THE process of drug development is time consuming and costly. Several years are required for lead identification, optimisation, in vitro and in vivo testing, before the first clinical trials begin. The cost of developing a prescription drug that gains market approval, accounting for the very high failure rate, exceeds $2.5bn.1 Different approaches have been developed in recent years to accelerate and improve the success rate of the early drug discovery process, including high-throughput screening technology,2 3D culture screening,3 tissue printing4 and organs-on-chips technology.5 A significant advancement in the process of screening was introduced over a decade ago with quantitative high-throughput screening (qHTS),6 which allows the efficient identification of biological activities in chemical libraries by testing each library compound in a dose-response format. It was shown that qHTS can be successfully applied to finding new inhibitors for druggable7 and undruggable8 targets, epigenetics modulators,9 de-orphanisation of GPCR receptors,10 characterisation of cytochrome P450 isozyme selectivity across chemical libraries,11 and profiling of environmental chemicals’ potential to disrupt processes in the human body that may lead to negative health effects.12 qHTS can be used to screen large chemical libraries,13 producing high-quality chemical genomic data sets, which can be made publicly available through sites such as PubChem.

However, despite the high-throughput capacity made available by modern technologies such as assay miniaturisation and screening robotics, the number of compounds which can be screened using qHTS or traditional single-concentration screening is still limited by reagents and labour costs, especially as screening assays evolve into more complex model systems and physical formats. Thus, these limitations restrict the chemical space of screening compounds and might be the reason for failures to develop new chemical probes or hit compounds.

Indeed, the industry and other organisations typically screen chemical libraries which consist of between half a million and a million compounds. However, the number of commercially available compounds currently exceeds 85 million.14 It has also been estimated that the possible chemical space for small molecules consisting of 30 or fewer heavy atoms exceeds 1060 molecules.15 Therefore, an exceedingly large number of molecules have never participated in the drug discovery process, but might have significant drug development potential.

Quantitative structure-activity relationship (QSAR)
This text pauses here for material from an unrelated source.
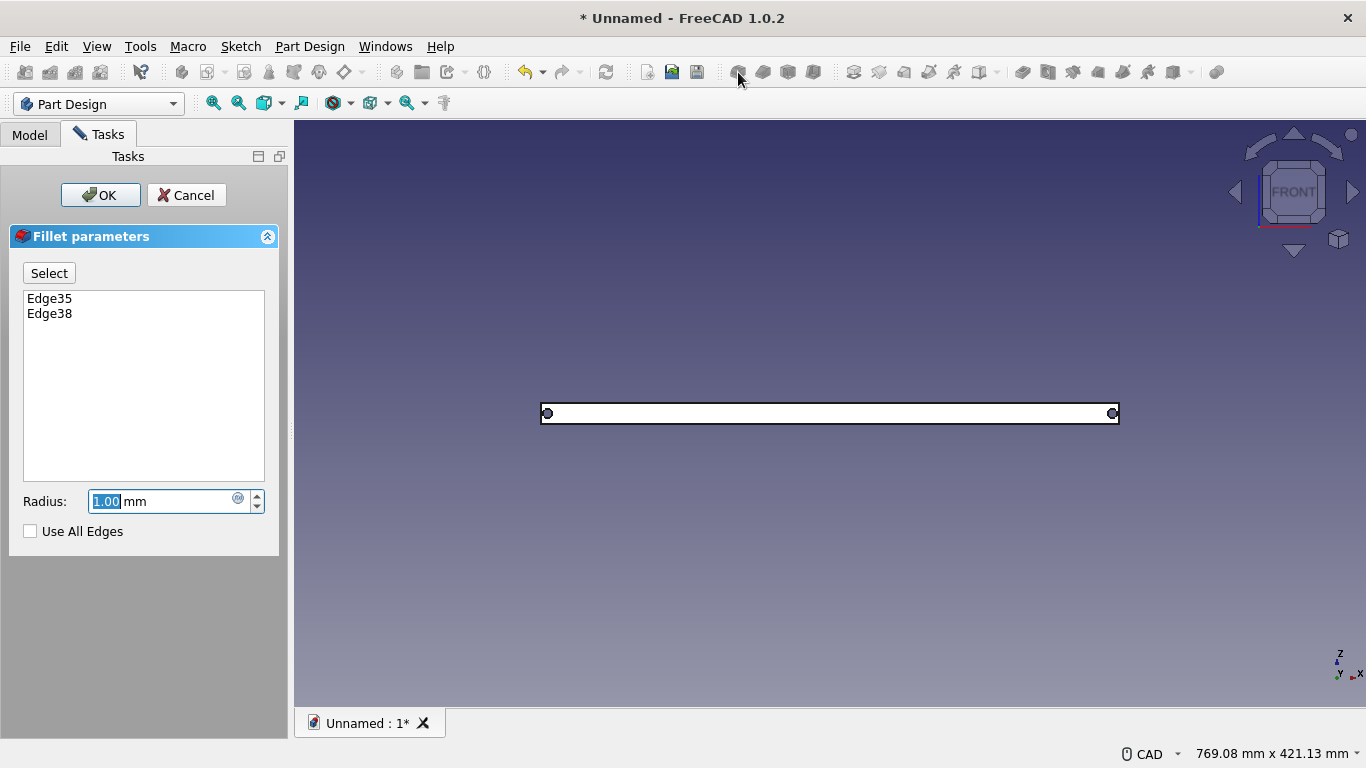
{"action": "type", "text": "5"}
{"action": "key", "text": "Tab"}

To fill this gap, computational methods based on machine learning approaches are being introduced increasingly widely. One of the most powerful methods is a quantitative structure-activity relationship (QSAR).16 This approach constructs a model which describes relationships between chemical structures and their biological responses to a specific target, assay, or disease. To develop a model, first, the chemical structures need to be characterised or described by molecular descriptors. Current software17,18 allows for the calculation of over 6,000 molecular descriptors for a particular compound, which cover different characteristics of molecules, including: physicochemical properties (molecular weight, LogP, etc); fragments of the molecule (CH2R2, CH2RX, etc); structural features (number of rings, number of triple bonds, etc); functional group counts (number of sulfoxides, aromatic group, thioacids, etc); quantum-chemical properties (electron-correlation contribution, electron affinity, ionisation potential, etc). This large amount of descriptors provides a good ability to identify the molecules with the best characteristics to properly describe the drug-target interactions.
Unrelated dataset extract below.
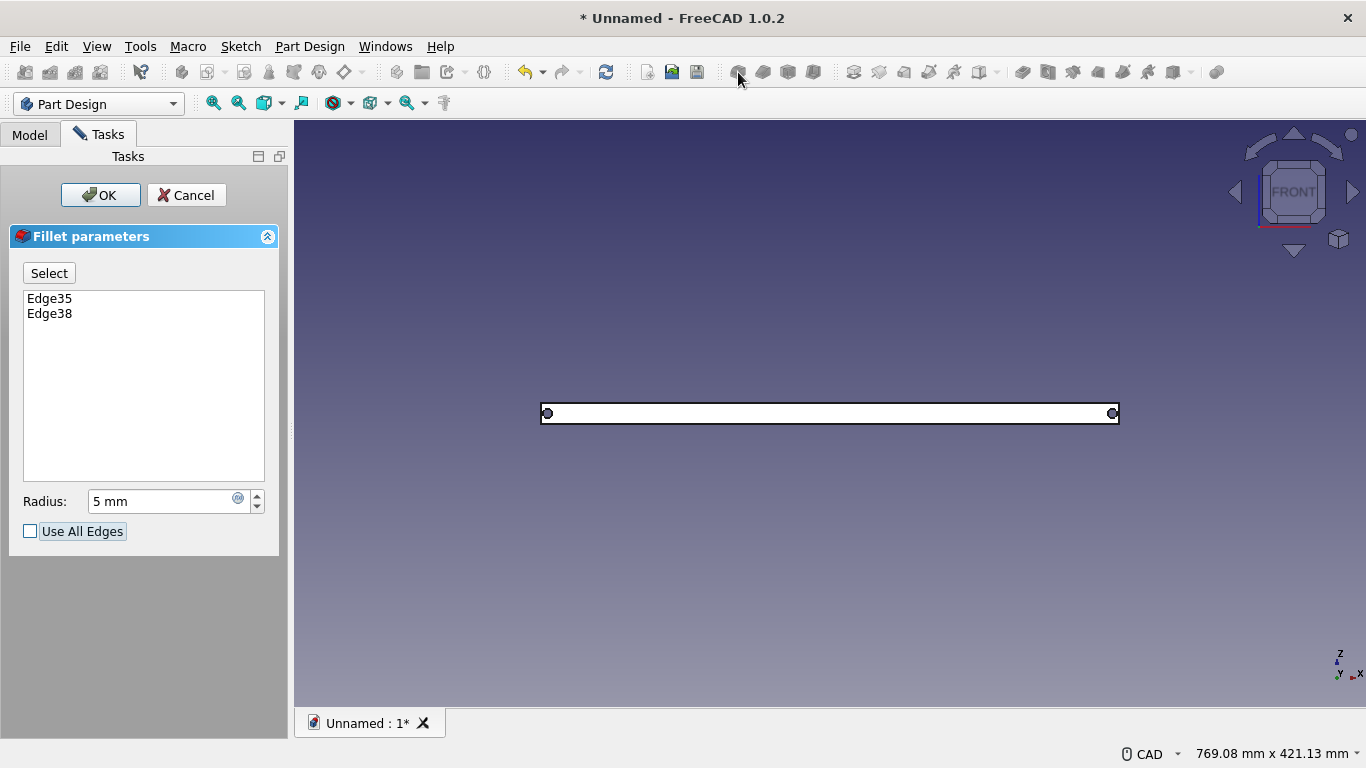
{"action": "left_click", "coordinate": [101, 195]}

The aim of machine learning approaches in QSAR is to establish relationships between molecular descriptors and their biological responses. Different endpoints are used to quantify biological responses. Explicit values can be obtained by measuring the concentration of a compound where 50% of its maximal effect is observed (eg, inhibitory, effective, activity, or lethal concentrations). Categorical responses are often used if compounds are active or inactive at certain concentrations (1μM, 10μM or 100μM). Thus, depending on the end point, the QSAR models can be separated into regression models for quantitative data and classification models for categorical data.

To construct QSAR models, various machine learning approaches are used. The most known are Bayesian, decision trees, fuzzy logic, genetic algorithms, multiple regressions (MLR), partial least squares, radial basis function, support vector machines (SVF), random forest (RF), and neural networks (NN). Some of the methods are relatively simple, like multiple regressions, decision trees or naïve Bayes, and can be clearly interpreted. Indeed, coefficients obtained from MLR easily explain the contribution of each descriptor into structure-activity relationships. Other approaches, like SVM, RF, or NN, are most powerful, but difficult to interpret. The models obtained using these approaches are sophisticated and are often called ‘black box’.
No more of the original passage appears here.